[Data for analysis Boundary: Start]

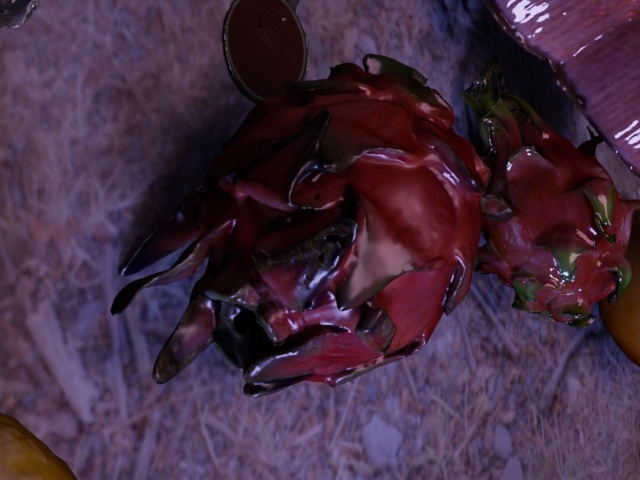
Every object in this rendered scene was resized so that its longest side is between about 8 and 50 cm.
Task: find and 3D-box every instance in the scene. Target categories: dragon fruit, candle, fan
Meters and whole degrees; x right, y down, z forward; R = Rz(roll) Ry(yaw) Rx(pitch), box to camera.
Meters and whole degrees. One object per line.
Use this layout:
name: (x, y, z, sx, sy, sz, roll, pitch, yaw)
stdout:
dragon fruit: (0.189, -0.042, 1.065, 0.137, 0.135, 0.236, 0, 68, -48)
candle: (0.270, -0.220, 1.102, 0.317, 0.131, 0.287, 50, 32, -12)
fan: (-0.028, -0.156, 0.910, 0.085, 0.005, 0.133, 49, 55, -34)
dragon fruit: (0.000, 0.000, 0.797, 0.274, 0.192, 0.193, -54, 135, -22)

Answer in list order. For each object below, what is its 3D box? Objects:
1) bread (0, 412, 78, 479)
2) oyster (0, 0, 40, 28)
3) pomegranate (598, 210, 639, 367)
bread: (-0.182, 0.169, 0.595, 0.170, 0.197, 0.197, -25, 106, -34)
oyster: (-0.199, -0.150, 0.704, 0.100, 0.037, 0.098, -17, 82, -27)
pomegranate: (0.360, 0.043, 1.208, 0.191, 0.191, 0.191, 4, 85, -48)

[Data for analysis Boundary: End]

- What is required
For each line above that has the word "whole", add one to a tally, and report the final tally alone.

- Answer area
2